52.Hh agonist is used for the treatment of purposes in the medicine of emotion that abnormal activity with mammiferous central nervous system is a feature or behavior disorder in preparation.

53. carry out the method for medicine commerce, comprising:

A. make and comprise the compositions of Hh agonist or any one test kit of claim 48-51; With

B. will be to adopt the benefit of described preparation or test kit to promote in the treatment of the emotion of feature or behavior disorder in abnormal activity with mammiferous central nervous system to the healthcare provider.

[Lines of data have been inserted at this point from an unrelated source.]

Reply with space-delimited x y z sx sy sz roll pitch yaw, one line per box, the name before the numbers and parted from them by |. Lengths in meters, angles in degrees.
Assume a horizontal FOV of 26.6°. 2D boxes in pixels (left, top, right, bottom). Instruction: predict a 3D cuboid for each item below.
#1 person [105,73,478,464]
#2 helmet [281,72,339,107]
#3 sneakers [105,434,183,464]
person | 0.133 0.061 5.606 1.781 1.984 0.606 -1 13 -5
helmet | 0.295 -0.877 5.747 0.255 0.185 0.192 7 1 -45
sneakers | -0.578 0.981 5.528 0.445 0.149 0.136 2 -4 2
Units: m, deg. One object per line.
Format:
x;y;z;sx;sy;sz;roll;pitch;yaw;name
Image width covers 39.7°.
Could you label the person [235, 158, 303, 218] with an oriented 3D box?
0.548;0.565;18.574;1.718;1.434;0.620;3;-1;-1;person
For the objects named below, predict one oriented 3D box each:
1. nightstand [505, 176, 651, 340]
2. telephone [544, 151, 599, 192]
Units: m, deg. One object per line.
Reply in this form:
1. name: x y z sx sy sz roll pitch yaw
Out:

54. carry out the method for medicine commerce, comprising:

A., the distributed network of any one test kit of selling the compositions comprise the Hh agonist or claim 48-51 is provided; With

Provide with the depressed illustrative material of said preparation treatment b. for patient or doctor.

55. carry out the method for medicine commerce, comprising:

56. carry out the method for medicine commerce, comprising:

The appropriate formulation and the dosage of a. definite Hh agonist that will in the depression treatment, use;

B. carry out the effectiveness and the toxic treatment analysis of spectrum of preparation in animal of evaluation in the step (a); With

C., the distributed network of the goods with acceptable treatment spectrum that sale identifies in step (b) is provided.

57. the method for claim 54 further comprises selling group is provided, and is used for these goods are promoted to the healthcare provider.

58. carry out the method for medicine commerce, comprising:

The appropriate formulation and the dosage of a. definite Hh agonist that will in the depression treatment, use; With

B. the right that will further develop and sell said preparation is permitted to the third party.

59. carry out the method for medicine commerce, comprising:

B. will adopt described preparation or the test kit benefit of hypermnesis or cognitive function in the experimenter to promote to the healthcare provider.

60. carry out the method for medicine commerce, comprising:

Illustrative material with said preparation hypermnesis or cognitive function in the experimenter is provided b. for patient or doctor.

61. carry out the method for medicine commerce, comprising:

62. carry out the method for medicine commerce, comprising:

A. determine the appropriate formulation and the dosage of the Hh agonist that will use for hypermnesis in the experimenter or cognitive function;

63. the method for claim 60 further comprises selling group is provided, and is used for these goods are promoted to the healthcare provider.

64. carry out the method for medicine commerce, comprising:

The appropriate formulation and the dosage of the Hh agonist that a. is defined as hypermnesis or cognitive function and will uses; With

65. any one method of claim 1-19, wherein said Hh agonist is the chemical compound with structure of any one among the formula I-XII.